A lot has changed since Microsoft embraced its “New Ways of Working” model more than a decade ago. The transition to the Cloud facilitated the shift from a linear model based on licenses to one based on an ecosystem of partners and platforms. Collaboration has become even more crucial, and designing a physical workplace to support evolving new work styles is essential.
Inspired by business psychologist and author Tony Crabbe’s book, “Busy: How to Thrive in a World of Too Much,” Microsoft took up the challenge of reimagining its Amsterdam office and designing a space that offers employees and visitors a unique experience where they can touch and feel the essence of what Microsoft is about, regardless of whether they are there in person or virtually.
Today, Microsoft’s new building, developed in collaboration with the architectural firm d/dock, has become a vibrant hub for collaboration while also paying special attention to individual needs and rituals. According to Joris Haverkort, director of the Microsoft Experience Center, “Digital transformation is what’s driving our conversations with our customers. It is what we all have in common and as Microsoft we want to share how things can be done differently. For example, today you do not just work together with colleagues, but with customers and partners as well. We team up!”

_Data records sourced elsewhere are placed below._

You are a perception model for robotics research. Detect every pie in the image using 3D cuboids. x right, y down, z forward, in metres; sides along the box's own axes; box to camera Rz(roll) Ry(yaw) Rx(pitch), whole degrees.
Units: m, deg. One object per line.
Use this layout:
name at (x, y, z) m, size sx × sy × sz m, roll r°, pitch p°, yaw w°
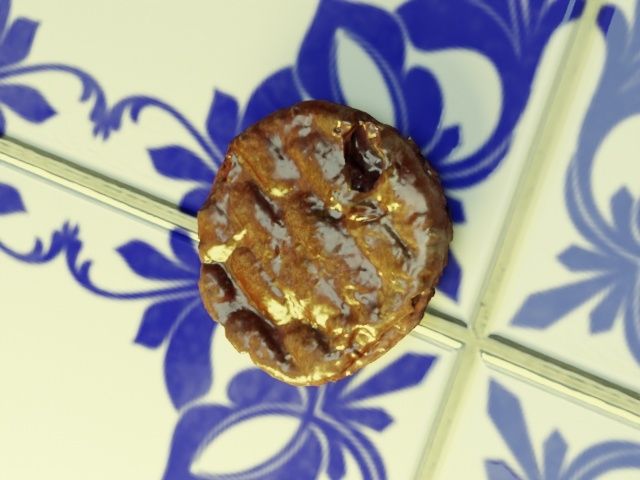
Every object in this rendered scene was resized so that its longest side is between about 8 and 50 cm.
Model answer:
pie at (0.000, 0.000, 0.993) m, size 0.153 × 0.038 × 0.154 m, roll 1°, pitch 93°, yaw 25°
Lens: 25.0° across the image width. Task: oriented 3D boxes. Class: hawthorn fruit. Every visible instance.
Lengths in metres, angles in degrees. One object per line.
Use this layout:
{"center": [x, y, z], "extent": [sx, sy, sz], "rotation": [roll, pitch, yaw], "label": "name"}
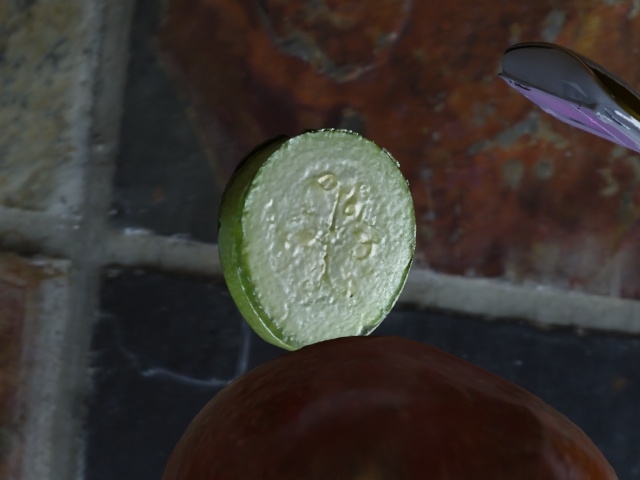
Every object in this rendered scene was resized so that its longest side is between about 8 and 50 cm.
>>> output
{"center": [0.042, 0.180, 0.799], "extent": [0.284, 0.284, 0.284], "rotation": [1, 88, -20], "label": "hawthorn fruit"}

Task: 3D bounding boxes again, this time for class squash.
{"center": [0.003, 0.000, 1.385], "extent": [0.219, 0.041, 0.219], "rotation": [-1, 92, -34], "label": "squash"}

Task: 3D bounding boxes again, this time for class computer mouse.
{"center": [0.330, -0.179, 1.780], "extent": [0.158, 0.310, 0.072], "rotation": [32, 93, -22], "label": "computer mouse"}
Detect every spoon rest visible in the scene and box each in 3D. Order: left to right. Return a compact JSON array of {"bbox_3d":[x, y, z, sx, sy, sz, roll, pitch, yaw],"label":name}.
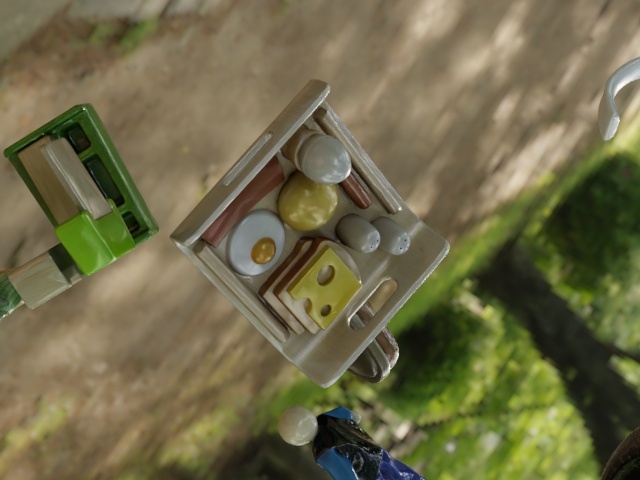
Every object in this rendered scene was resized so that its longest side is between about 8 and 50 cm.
[{"bbox_3d":[0.465,-0.198,2.164,0.276,0.084,0.137,-14,153,-12],"label":"spoon rest"}]

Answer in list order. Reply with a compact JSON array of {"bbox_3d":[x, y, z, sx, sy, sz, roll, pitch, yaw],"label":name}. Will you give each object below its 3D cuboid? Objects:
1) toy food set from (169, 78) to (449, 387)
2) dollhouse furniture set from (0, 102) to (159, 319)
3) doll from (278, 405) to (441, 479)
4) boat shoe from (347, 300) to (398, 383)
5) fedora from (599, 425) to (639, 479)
[{"bbox_3d":[0.000,0.000,1.854,0.219,0.092,0.306,-49,134,-9],"label":"toy food set"},{"bbox_3d":[-0.337,0.011,1.730,0.301,0.151,0.197,-30,-176,14],"label":"dollhouse furniture set"},{"bbox_3d":[0.039,0.213,1.677,0.046,0.189,0.129,-44,-156,24],"label":"doll"},{"bbox_3d":[0.002,0.036,2.149,0.104,0.307,0.110,-33,161,-30],"label":"boat shoe"},{"bbox_3d":[0.467,0.366,2.118,0.153,0.334,0.334,0,137,-23],"label":"fedora"}]
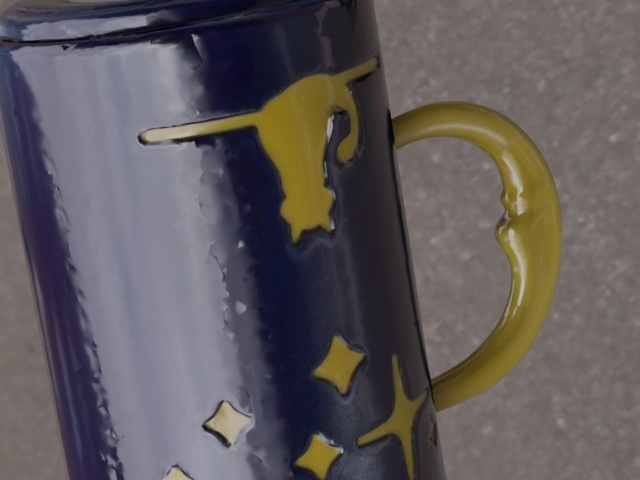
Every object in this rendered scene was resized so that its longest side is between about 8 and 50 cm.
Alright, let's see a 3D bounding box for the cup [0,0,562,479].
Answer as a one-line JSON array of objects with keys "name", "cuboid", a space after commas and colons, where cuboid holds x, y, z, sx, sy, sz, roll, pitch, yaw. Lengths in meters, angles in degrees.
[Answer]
[{"name": "cup", "cuboid": [-0.021, 0.001, 0.736, 0.178, 0.255, 0.256, 2, 107, 31]}]

Enabling digital transformation must be addressed through four lenses, says Haverkort:
- Engage your customers
- Empower your employees
- Optimize your operations
- Transform your products
Microsoft Netherlands also identified six local rituals that influenced the space design and now serve as guiding principles for employees on how to interact with each other both in the office and remotely via the right technology:
- Team up: focus on co-creation with partners and customers to maximize impact.
- Be open to everyone, while protecting confidential information.
- Make conscious choices about what needs to be done and with whom within the network; choose the most appropriate location, technology and ritual that can support what needs to be achieved.
- Contribute to the team engagement by being on time, being focused and actively participating in the conversation.
- Respect focus time.
- Allow time to refresh, take breaks, schedule 25 or 45 minute meetings and look after mental health.
The combination of these six rituals is what truly allows the team to make hybrid work successful, says Haverkort.
“Being successful and being able to innovate means we have to look at how we aspire to work, collaborate and refresh,” says Haverkort. “New habits and refreshment of old habits will guide us to work smarter and enhance the creativity and serendipity needed today to add value tomorrow. That is why we wanted to be thoughtful and make conscious decisions on what kinds of spaces we created to support the different activities that would take place here. As a result, the Café functions as a central revolving place, a beating heart around which are located purposeful individual spaces for focus, silence and ‘conscious log off,’ collaboration spaces for teamwork and social spaces for “meet and greets.”
More than 70% of the space is allocated to customers and partners — the remainder to employees. “We envision the entire space as a customer hub with the purpose of showcasing the Microsoft vision. Here we don’t talk about the modern way of work anymore, but rather the way of teamwork, including our external partners in our co-creation process. That’s why solutions like the Steelcase Flex Collection, combined with Microsoft Teams and Microsoft Surface Hub provide for us an appropriate setting for collaboration and innovation to happen,” says Haverkort.
And now, in a post-Covid world?
“The pandemic gave us the confirmation that we got it right,” says Haverkort. “Our employees and visitors can come back as soon as it is allowed, without any major shift to our space. The workplace is and will remain primarily a social destination, able to foster collaboration and co-creation. Maybe for individual and focused work other places will be more suitable, but when it comes to collaboration there is a limit to what one could achieve online. We need to come back to the office.”